This is an old version, view current version.

## 26.7 Joint model representation

Following Gelman, Meng, and Stern (1996), prior, posterior, and mixed replications may all be defined as posteriors from joint models over parameters and observed and replicated data.

### 26.7.1 Posterior predictive model

For example, posterior predictive replication may be formulated using sampling notation as follows. $\begin{eqnarray*} \theta & \sim & p(\theta) \\[2pt] y & \sim & p(y \mid \theta) \\[2pt] y^{\textrm{rep}} & \sim & p(y \mid \theta) \end{eqnarray*}$ The heavily overloaded sampling notation is meant to indicate that both $$y$$ and $$y^{\textrm{rep}}$$ are drawn from the same distribution, or more formally using capital letters to distinguish random variables, that the conditional densities $$p_{Y^{\textrm{rep}} \mid \Theta}$$ and $$p_{Y \mid \Theta}$$ are the same.

The joint density is $p(\theta, y, y^{\textrm{rep}}) = p(\theta) \cdot p(y \mid \theta) \cdot p(y^{\textrm{rep}} \mid \theta).$ This again is assuming that the two distributions for $$y$$ and $$y^{\textrm{rep}}$$ are identical.

The variable $$y$$ is observed, with the predictive simulation $$y^{\textrm{rep}}$$ and parameter vector $$\theta$$ not observed. The posterior is $$p(y^{\textrm{rep}}, \theta \mid y)$$. Given draws from the posterior, the posterior predictive simulations $$y^{\textrm{rep}}$$ are retained.

### 26.7.2 Prior predictive model

The prior predictive model simply drops the data component of the posterior predictive model.
$\begin{eqnarray*} \theta & \sim & p(\theta) \\[2pt] y^{\textrm{rep}} & \sim & p(y \mid \theta) \end{eqnarray*}$ This corresponds to the joint density $p(\theta, y^{\textrm{rep}}) = p(\theta) \cdot p(y^{\textrm{rep}} \mid \theta).$

It is typically straightforward to draw $$\theta$$ from the prior and $$y^{\textrm{rep}}$$ from the sampling distribution given $$\theta$$ efficiently. In cases where it is not, the model may be coded and executed just as the posterior predictive model, only with no data.
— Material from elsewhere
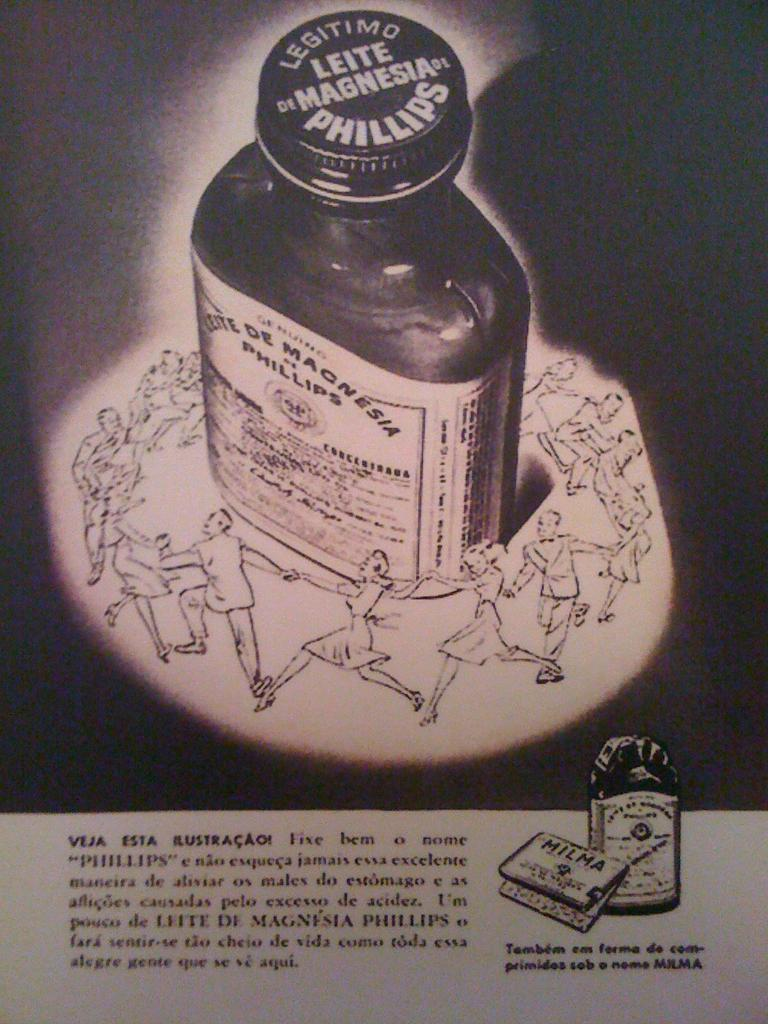<image>
Provide a brief description of the given image. Legitimo Leite of Magnesia by Philips in squarish dark bottle

### 26.7.3 Mixed replication for hierarchical models

The mixed replication corresponds to the model $\begin{eqnarray*} \phi & \sim & p(\phi) \\[2pt] \alpha & \sim & p(\alpha \mid \phi) \\[2pt] y & \sim & p(y \mid \alpha) \\[2pt] \alpha^{\textrm{rep}} & \sim & p(\alpha \mid \phi) \\[2pt] y^{\textrm{rep}} & \sim & p(y \mid \phi) \end{eqnarray*}$ The notation here is meant to indicate that $$\alpha$$ and $$\alpha^{\textrm{rep}}$$ have identical distributions, as do $$y$$ and $$y^{\textrm{rep}}$$.

This corresponds to a joint model $p(\phi, \alpha, \alpha^{\textrm{rep}}, y, y^{\textrm{rep}}) = p(\phi) \cdot p(\alpha \mid \phi) \cdot p(y \mid \alpha) \cdot p(\alpha^{\textrm{rep}} \mid \phi) \cdot p(y^{\textrm{rep}} \mid \alpha^{\textrm{rep}}),$ where $$y$$ is the only observed variable, $$\alpha$$ contains the lower-level parameters and $$\phi$$ the hyperparameters. Note that $$\phi$$ is not replicated and instead appears in the distribution for both $$\alpha$$ and $$\alpha^{\textrm{rep}}$$.

The posterior is $$p(\phi, \alpha, \alpha^{\textrm{rep}}, y^{\textrm{rep}} \mid y)$$. From posterior draws, the posterior predictive simulations $$y^{\textrm{rep}}$$ are kept.

### References

Gelman, Andrew, Xiao-Li Meng, and Hal Stern. 1996. “Posterior Predictive Assessment of Model Fitness via Realized Discrepancies.” Statistica Sinica, 733–60.